Пышные розы любили не только во Франции — от сумрачной Германии до солнечной Италии полны были ими сады. Мадонны и инфанты, умело выписанные кистью на холсте, держали их в своих тонких пальцах.

На смену готическим Rosa canina, Rosa alba и Rosa cinnamomea — тех, что именуют у нас шиповниками, и изображения которых так хорошо годятся для виньеток, постепенно приходили розы с множеством лепестков. В семнадцатом и восемнадцатом столетии излюбленной розой художников стала роза о ста лепестках».

Привычкой читать из середины и наискосок я обзавелась еще в детстве, когда хотела поскорее узнать, что будет дальше. Глотала строчки, как голодный птенец — корм, или отбирала те, что повкуснее.
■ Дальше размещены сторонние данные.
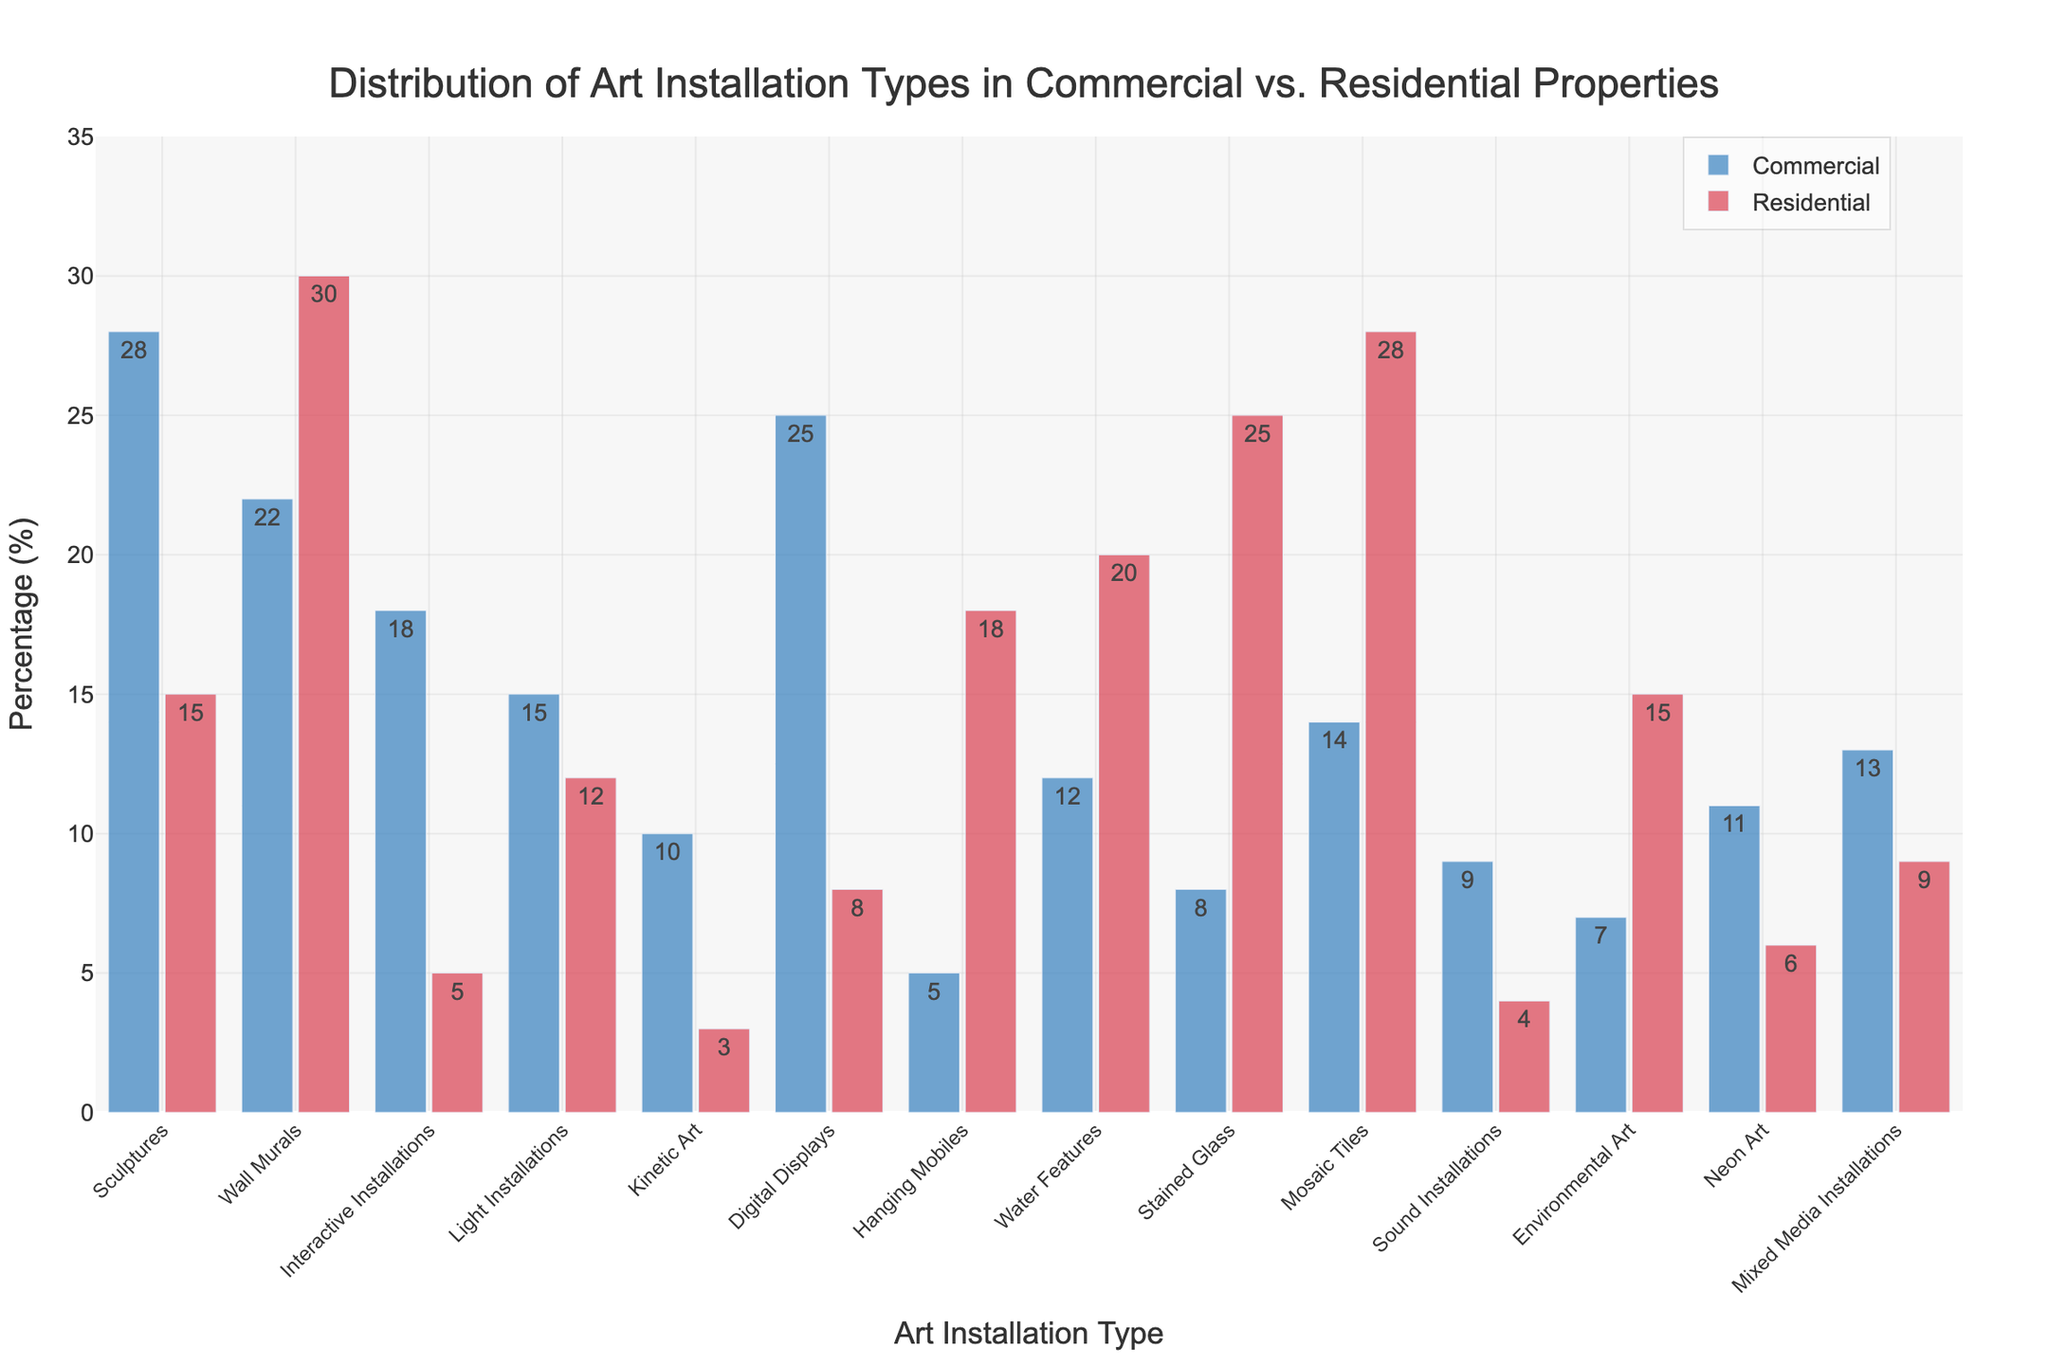What is the difference in percentage between commercial and residential properties for Digital Displays? For commercial, Digital Displays have a percentage of 25%, and for residential, it's 8%. The difference is 25% - 8% = 17%.
Answer: 17% Which type of art installation has the highest percentage in residential properties? According to the figure, Mosaic Tiles have the highest percentage in residential properties at 28%.
Answer: Mosaic Tiles Are Water Features more common in residential or commercial properties? Water Features are more common in residential properties, with a percentage of 20%, compared to 12% in commercial properties.
Answer: Residential What is the combined percentage of Sculptures and Wall Murals in commercial properties? In the figure, Sculptures are at 28% and Wall Murals at 22% in commercial. Their combined percentage is 28% + 22% = 50%.
Answer: 50% Which type of art installation shows the greatest difference in percentage between commercial and residential properties? Digital Displays show the greatest difference, with 25% in commercial and 8% in residential, resulting in a difference of 17%.
Answer: Digital Displays Are there any art installation types that have the same percentage in both commercial and residential properties? No, the figure shows different percentages for all art installation types in commercial and residential properties.
Answer: No How much more common are Sound Installations in commercial properties compared to residential properties? Sound Installations are at 9% in commercial and 4% in residential properties. The difference is 9% - 4% = 5%.
Answer: 5% What percentage of residential properties have Environmental Art installations? The figure indicates that Environmental Art installations are at 15% in residential properties.
Answer: 15% What is the sum of percentages for Light Installations and Kinetic Art in commercial properties? Light Installations in commercial are at 15%, and Kinetic Art is at 10%. Their combined percentage is 15% + 10% = 25%.
Answer: 25% Which installation type has a higher percentage in residential properties compared to commercial properties and by how much? Stained Glass has 25% in residential and 8% in commercial. The difference is 25% - 8% = 17%.
Answer: Stained Glass by 17%

Иные книжки много теряли от такой непоследовательности. Но растрепанная, с отрывающейся обложкой, с полустершимся названием «Центифолия»***, книжица в четверть листа, что я купила от скуки в поезд, позволяла читать себя с любой страницы. Она была про розы, и сама, как рассыпающаяся роза. Как роза, у которой оторвали наружный слой лепестков. Я надеялась разобрать и сложить в правильном порядке ее помятые и перепутанные листы.

Я читала ее после обеда, на берегу моря, лежа под тентом, потому что наш Мастер просил не вести праздных разговоров в пространстве для занятий.
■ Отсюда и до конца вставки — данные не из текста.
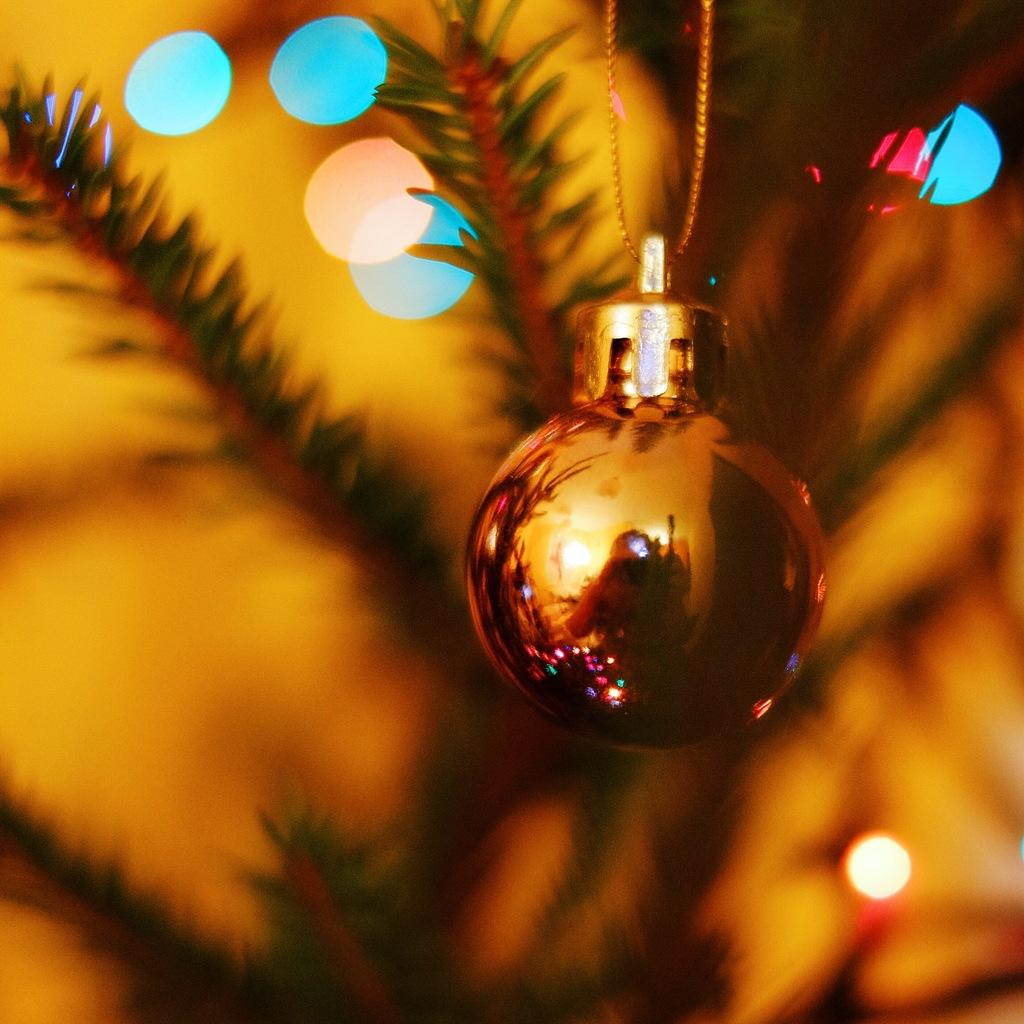What object is the main focus of the image? There is a bauble in the image. What can be seen inside the bauble? The bauble has a reflection of a person. How would you describe the background of the image? The background of the image is blurry. What type of vegetation is visible in the background? Leaves are visible in the background of the image. How many sisters are wearing hats in the image? There are no sisters or hats present in the image; it features a bauble with a reflection of a person and a blurry background with leaves. 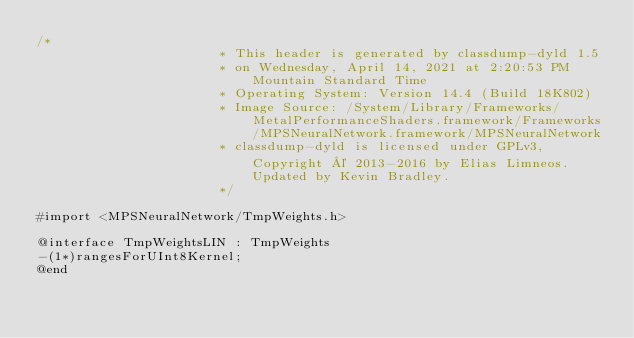<code> <loc_0><loc_0><loc_500><loc_500><_C_>/*
                       * This header is generated by classdump-dyld 1.5
                       * on Wednesday, April 14, 2021 at 2:20:53 PM Mountain Standard Time
                       * Operating System: Version 14.4 (Build 18K802)
                       * Image Source: /System/Library/Frameworks/MetalPerformanceShaders.framework/Frameworks/MPSNeuralNetwork.framework/MPSNeuralNetwork
                       * classdump-dyld is licensed under GPLv3, Copyright © 2013-2016 by Elias Limneos. Updated by Kevin Bradley.
                       */

#import <MPSNeuralNetwork/TmpWeights.h>

@interface TmpWeightsLIN : TmpWeights
-(1*)rangesForUInt8Kernel;
@end

</code>

Если рассказывать сначала, то утро на Меганоме начиналось с криков ласточек у обрыва. Нет, не так — наверху скал, на самой «крыше», была антенна, и когда она начинала крутиться со скрипом, то начинали метаться и ласточки. Чуть выше ласточек, но ниже кромки скал, скрывался родник, на который я ходила, как только просыпалась. Изгибы крутой дорожки украшали дикий виноград с вырезными листьями и закрученными в спираль усами, розовая, как пух, акация, белые, с зеленой серединкой и множеством тычинок, цветы каперса, а у самого родника рос стрельчатый тростник, сквозь который было видно далеко лежащую внизу сапфировую зелень моря и концентрические круги храма Шивы.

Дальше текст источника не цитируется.